Competing with these expedited services offered by the traditional institutions are alternative off the shelf arbitration schemes. Take, for example, the London Chamber of Commerce’s London Chamber of Arbitration and Mediation (LCAM) that launched last month. Ideally suited to low to medium value disputes, it adopts a document-only process and offers a fixed fee and secure case management delivery, which seeks to offer certainty and cost efficiency (potentially without requiring parties to need any legal representation to use it).

Another example is an online arbitration platform which is being promoted by Serle Court, where disputing parties are able to submit written cases, in memorial style, to a mutually agreed sole arbitrator, with a binding decision published within 80 days. The arbitrator’s fees are fixed depending on the value of the dispute. The standard process (which can be adapted to suit the parties’ needs) requires no live evidence or document production, and offers a hearing that may be conducted by video.
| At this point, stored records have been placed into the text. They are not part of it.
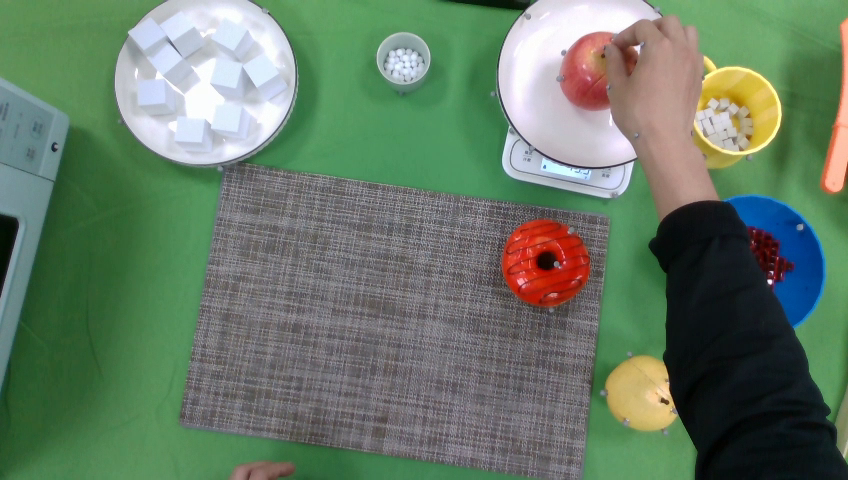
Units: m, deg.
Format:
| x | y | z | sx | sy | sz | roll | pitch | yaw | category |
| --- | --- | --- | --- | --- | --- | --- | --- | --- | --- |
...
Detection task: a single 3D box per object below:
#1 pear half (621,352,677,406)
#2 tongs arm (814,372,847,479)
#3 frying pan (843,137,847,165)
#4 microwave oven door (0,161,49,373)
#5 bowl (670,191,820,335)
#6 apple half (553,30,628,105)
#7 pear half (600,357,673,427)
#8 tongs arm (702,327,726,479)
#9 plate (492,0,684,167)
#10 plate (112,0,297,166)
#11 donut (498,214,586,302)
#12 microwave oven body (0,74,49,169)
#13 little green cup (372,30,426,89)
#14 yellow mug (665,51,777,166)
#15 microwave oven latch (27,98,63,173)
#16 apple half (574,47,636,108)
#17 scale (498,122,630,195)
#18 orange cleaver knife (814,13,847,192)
| x | y | z | sx | sy | sz | roll | pitch | yaw | category |
| --- | --- | --- | --- | --- | --- | --- | --- | --- | --- |
| 0.245 | 0.141 | 0.643 | 0.070 | 0.088 | 0.031 | 39 | 86 | 7 | pear half |
| 0.410 | 0.307 | 0.658 | 0.028 | 0.028 | 0.387 | 23 | 86 | -4 | tongs arm |
| 0.635 | -0.043 | 0.656 | 0.307 | 0.103 | 0.485 | -18 | 77 | -1 | frying pan |
| -0.471 | 0.086 | 0.550 | 0.039 | 0.244 | 0.355 | 11 | 84 | 2 | microwave oven door |
| 0.334 | 0.027 | 0.661 | 0.151 | 0.077 | 0.151 | 0 | 85 | 0 | bowl |
| 0.170 | -0.189 | 0.646 | 0.081 | 0.075 | 0.053 | -41 | 83 | -2 | apple half |
| 0.220 | 0.166 | 0.631 | 0.076 | 0.110 | 0.056 | 40 | 85 | 8 | pear half |
| 0.325 | 0.288 | 0.657 | 0.051 | 0.026 | 0.384 | 8 | 86 | -2 | tongs arm |
| 0.178 | -0.180 | 0.671 | 0.209 | 0.038 | 0.208 | 0 | 84 | -1 | plate |
| -0.248 | -0.185 | 0.699 | 0.208 | 0.039 | 0.207 | 0 | 84 | 0 | plate |
| 0.130 | 0.020 | 0.674 | 0.099 | 0.048 | 0.099 | 0 | 84 | 3 | donut |
| -0.607 | 0.017 | 0.562 | 0.326 | 0.260 | 0.440 | 11 | 85 | 0 | microwave oven body |
| -0.027 | -0.207 | 0.703 | 0.061 | 0.039 | 0.061 | 0 | 84 | 0 | little green cup |
| 0.325 | -0.154 | 0.685 | 0.100 | 0.064 | 0.130 | -24 | 84 | -2 | yellow mug |
| -0.427 | -0.117 | 0.673 | 0.030 | 0.029 | 0.079 | 13 | 85 | 1 | microwave oven latch |
| 0.197 | -0.162 | 0.642 | 0.081 | 0.081 | 0.032 | -42 | 84 | -4 | apple half |
| 0.176 | -0.161 | 0.702 | 0.148 | 0.031 | 0.200 | 13 | 85 | 1 | scale |
| 0.466 | -0.150 | 0.648 | 0.077 | 0.012 | 0.211 | 13 | 85 | 4 | orange cleaver knife |
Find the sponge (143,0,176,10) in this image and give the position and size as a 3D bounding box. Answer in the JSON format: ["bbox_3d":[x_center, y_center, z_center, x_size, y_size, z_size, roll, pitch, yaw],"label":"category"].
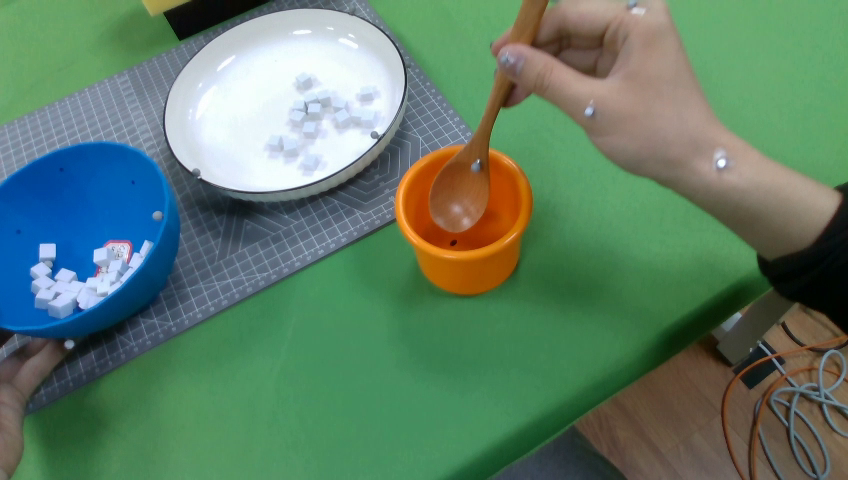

These speedy schemes are certainly a step forward, but will they become the norm? No, or at least not yet in the author’s view. Their take up is likely to be slow, initially at least, as many contracts contain more traditional arbitration clauses, and in-house lawyers may encounter resistance to any suggestion of circumventing tried and tested dispute resolution clauses. Furthermore, the perceived benefits of these streamlined services (such as no live evidence, limited document production, quicker publication of the award) limit the types of cases for which these schemes are suitable (though they may suit contract interpretation disputes, such as those expected on whether the disruption caused by the pandemic will be covered by force majeure clauses, which is an increasingly important issue for companies with complex and time-critical supply chains).

A new road ahead?

So far, reports from those who have had to embrace technology to manage arbitrations have found the overall experience to be largely successful. Doesn’t this pose the question why, as we strive to reduce international travel not only in light of the pandemic but also for environmental reasons, this should not be the new norm?

The pandemic has demonstrably accelerated the continued digitalisation of arbitration services. These changes have been welcomed by many and have shown that the arbitration community can, and is willing to, adapt to change.

Going forward, it is likely that the development of arbitration services (particularly those offering an expedited service) by non-traditional institutions will lead to a greater uptake of arbitration. The fact that such off the shelf services are offering fixed arbitrator fees, limited document production, electronic hearing bundles and faster procedures which rely on technology to reduce the need for in-person hearings (and therefore reduced expenditure on lawyers and travel), should be welcomed by in-house lawyers.

However, this should not be at the expense of the integrity of the process. Assurances will still be required that such services are being run with clear protocols in place, including the training of those using the services and consideration of issues such as cybersecurity. With in-house lawyers frequently conducting commercial transactions, often over different time zones, and facilitated by technology and the desire to get the deal done, it must be time for the dispute resolution world to try and keep up with their pace.